Data to examine START
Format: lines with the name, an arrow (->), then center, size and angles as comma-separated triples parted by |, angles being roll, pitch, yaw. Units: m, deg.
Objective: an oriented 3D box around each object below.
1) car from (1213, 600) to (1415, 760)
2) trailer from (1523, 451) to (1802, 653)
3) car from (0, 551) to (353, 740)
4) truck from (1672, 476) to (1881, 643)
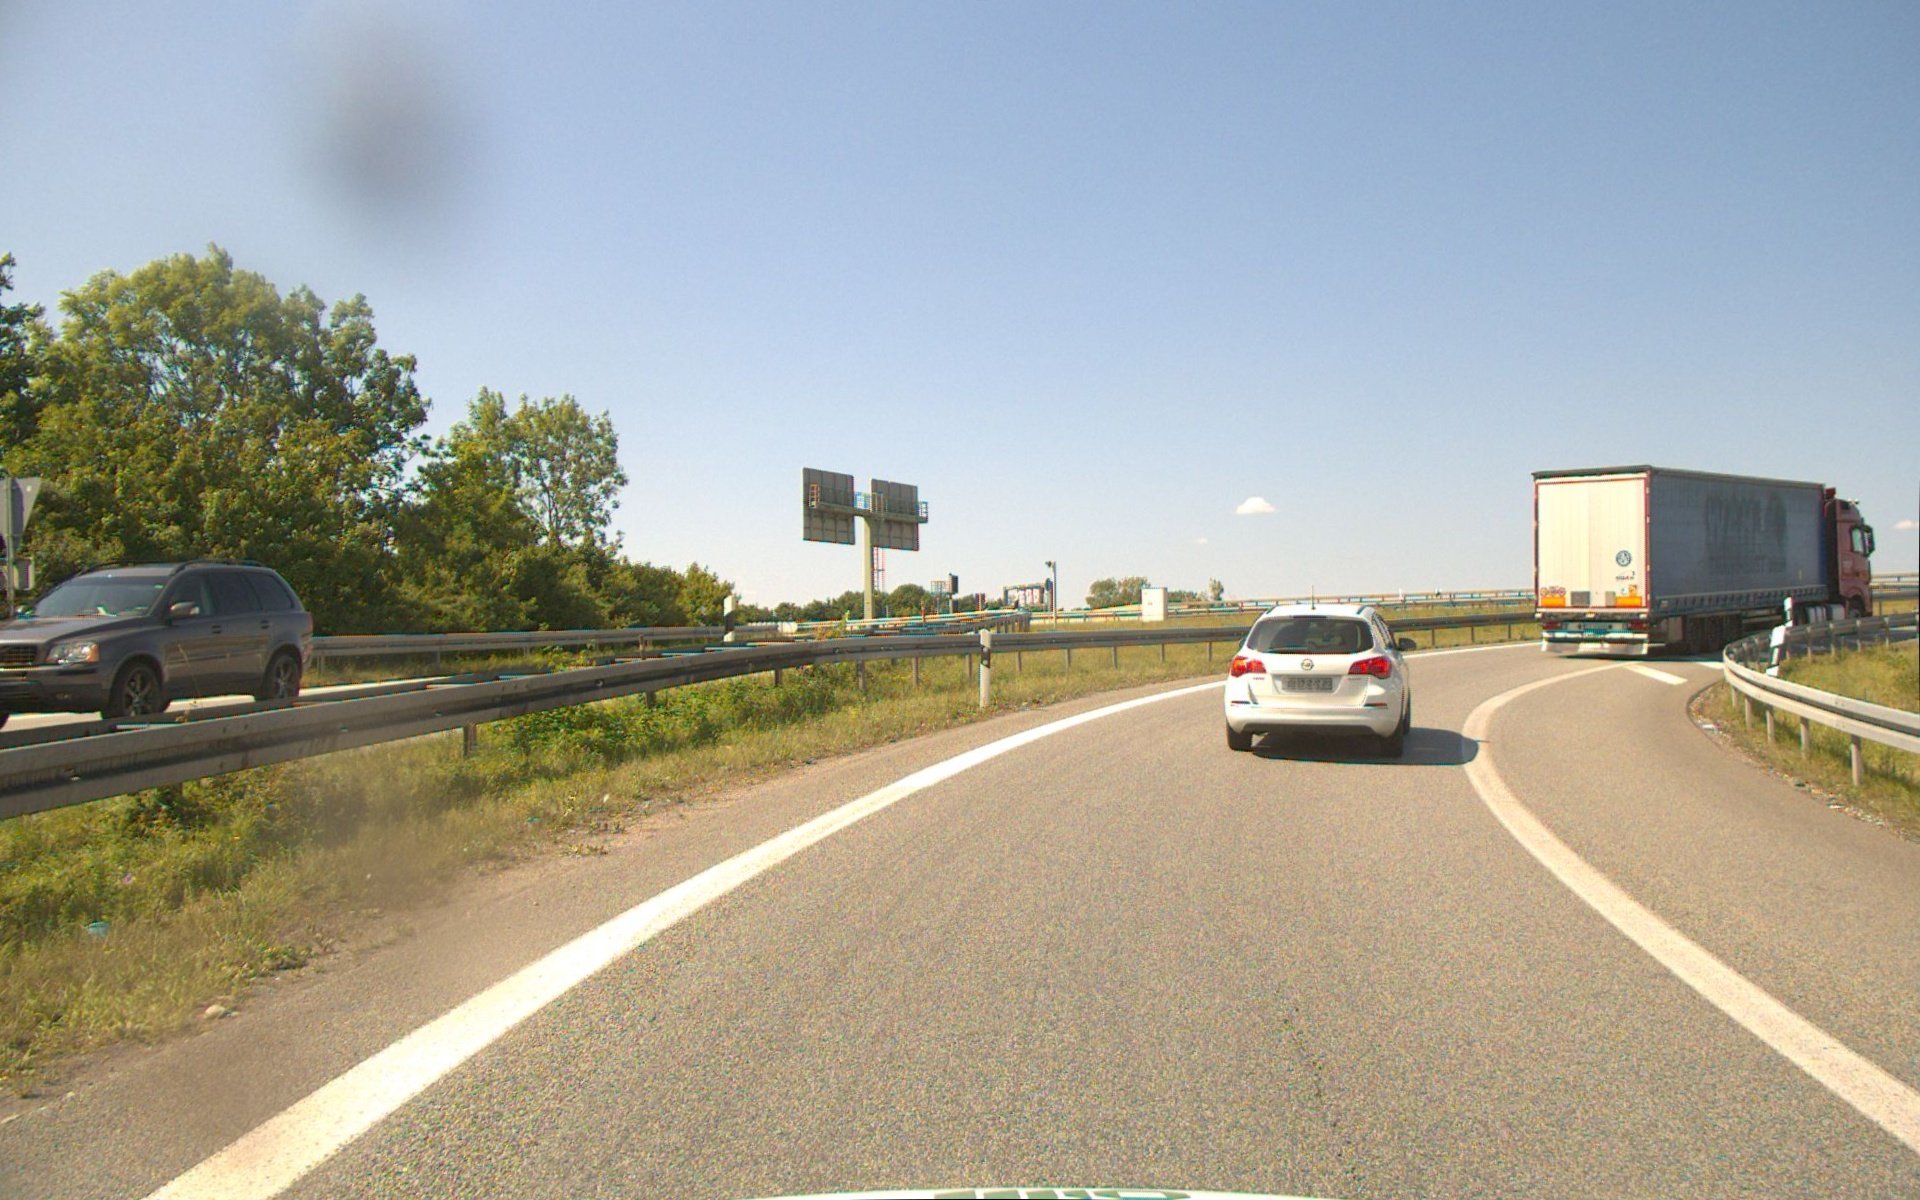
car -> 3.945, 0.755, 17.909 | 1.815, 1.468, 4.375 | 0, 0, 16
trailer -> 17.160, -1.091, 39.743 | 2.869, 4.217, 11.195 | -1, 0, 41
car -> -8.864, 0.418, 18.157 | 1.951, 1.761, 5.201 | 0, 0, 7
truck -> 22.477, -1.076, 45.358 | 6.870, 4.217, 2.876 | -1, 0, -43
Data to examine END
Data to examine START
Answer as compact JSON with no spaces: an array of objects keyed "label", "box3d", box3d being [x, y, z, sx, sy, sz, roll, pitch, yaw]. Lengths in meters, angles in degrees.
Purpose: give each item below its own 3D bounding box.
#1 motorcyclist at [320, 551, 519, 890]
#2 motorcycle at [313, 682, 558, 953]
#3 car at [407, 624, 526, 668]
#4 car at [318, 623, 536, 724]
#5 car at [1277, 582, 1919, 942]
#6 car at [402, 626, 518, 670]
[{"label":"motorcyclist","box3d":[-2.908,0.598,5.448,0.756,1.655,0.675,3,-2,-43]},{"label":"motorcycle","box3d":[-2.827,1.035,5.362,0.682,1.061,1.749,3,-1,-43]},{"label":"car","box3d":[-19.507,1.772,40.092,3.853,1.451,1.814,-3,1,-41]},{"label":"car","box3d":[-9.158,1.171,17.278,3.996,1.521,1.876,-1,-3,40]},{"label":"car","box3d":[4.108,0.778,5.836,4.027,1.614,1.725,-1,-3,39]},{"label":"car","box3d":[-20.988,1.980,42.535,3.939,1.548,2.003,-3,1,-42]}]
Data to examine END
■ How to complete this task
Would you please write out, exactly and with no other lines, the stretch of the listing above from the line containing "#2 motorcycle at [313, 682, 558, 953]" through the line containing "#5 car at [1277, 582, 1919, 942]"?

■ Finished task
#2 motorcycle at [313, 682, 558, 953]
#3 car at [407, 624, 526, 668]
#4 car at [318, 623, 536, 724]
#5 car at [1277, 582, 1919, 942]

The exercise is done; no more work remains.